§ TASK REQUIREMENTS
Repeat, word for word, all the data that follows, and exclude the pictures.

[SUPPLIED ENTRIES Boundary: Start]

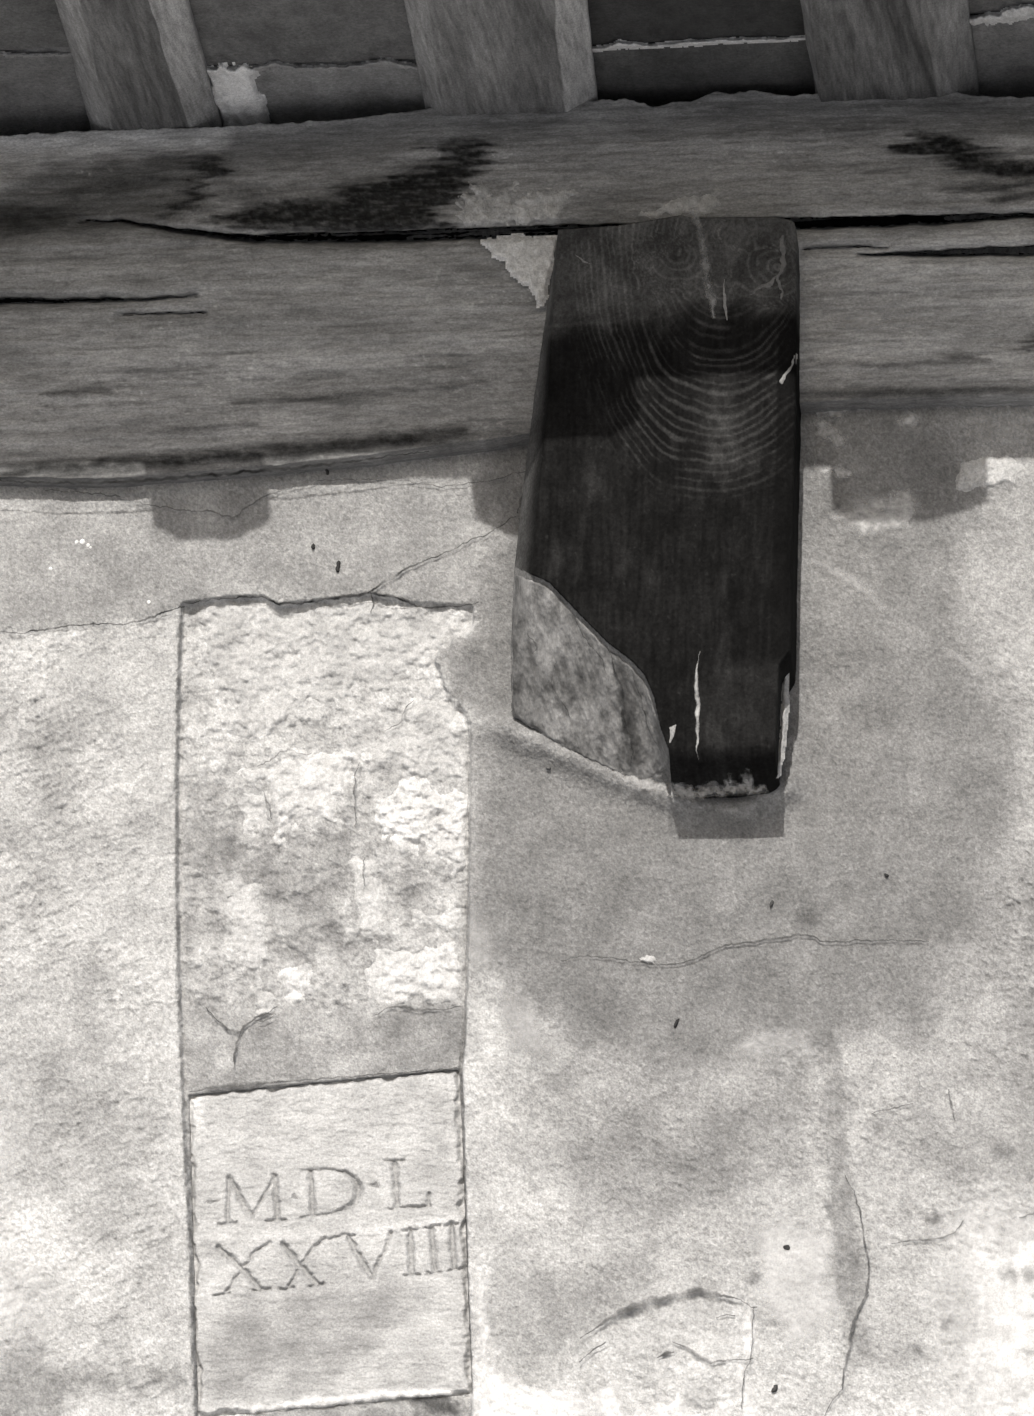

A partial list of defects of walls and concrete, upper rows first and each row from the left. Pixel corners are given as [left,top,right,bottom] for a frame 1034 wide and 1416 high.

damp [216,140,494,232]
flaking render [955,455,1025,492]
crack [0,451,525,687]
crack [561,934,926,965]
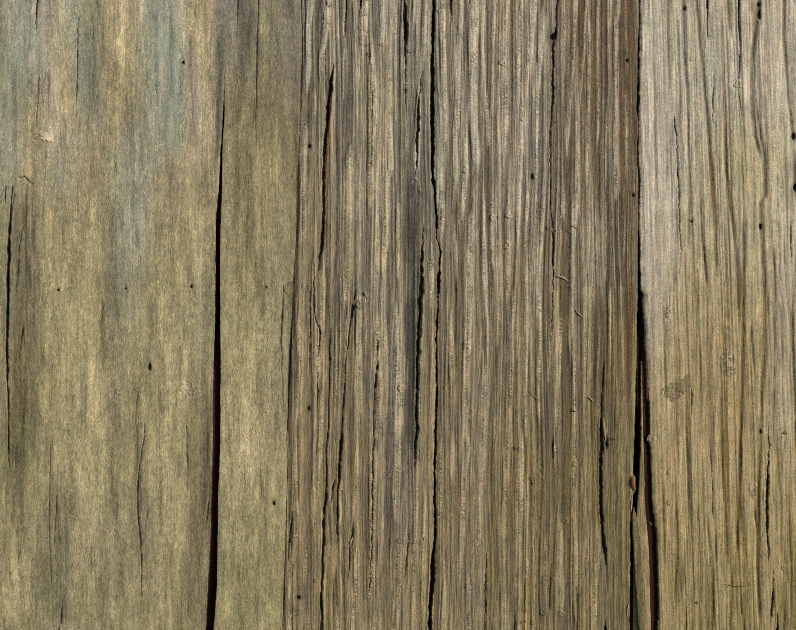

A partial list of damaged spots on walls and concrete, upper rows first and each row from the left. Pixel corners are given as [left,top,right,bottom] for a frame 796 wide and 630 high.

crack [5,176,31,464]
crack [309,65,378,630]
crack [545,0,558,323]
crack [754,429,785,630]
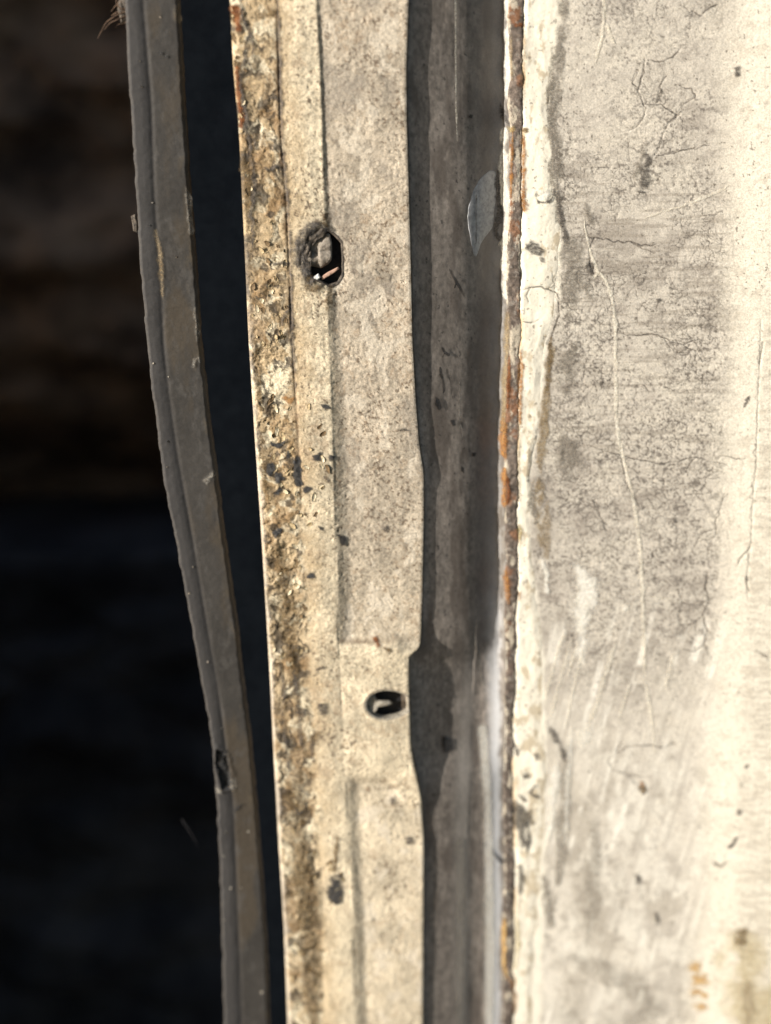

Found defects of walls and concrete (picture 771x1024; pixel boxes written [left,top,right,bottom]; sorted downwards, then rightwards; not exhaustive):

crack [634,51,695,127]
rust [509,127,528,211]
rust [499,313,524,506]
rust [501,920,520,1012]

[SUPPLIED ENTRIES Boundary: End]

§ REPLY
A partial list of defects of walls and concrete, upper rows first and each row from the left. Pixel corners are given as [left,top,right,bottom] for a frame 1034 wide and 1416 high.

damp [216,140,494,232]
flaking render [955,455,1025,492]
crack [0,451,525,687]
crack [561,934,926,965]

A partial list of damaged spots on walls and concrete, upper rows first and each row from the left. Pixel corners are given as [left,top,right,bottom] for a frame 796 wide and 630 high.

crack [5,176,31,464]
crack [309,65,378,630]
crack [545,0,558,323]
crack [754,429,785,630]

Found defects of walls and concrete (picture 771x1024; pixel boxes written [left,top,right,bottom]; sorted downwards, then rightwards; not exhaustive):

crack [634,51,695,127]
rust [509,127,528,211]
rust [499,313,524,506]
rust [501,920,520,1012]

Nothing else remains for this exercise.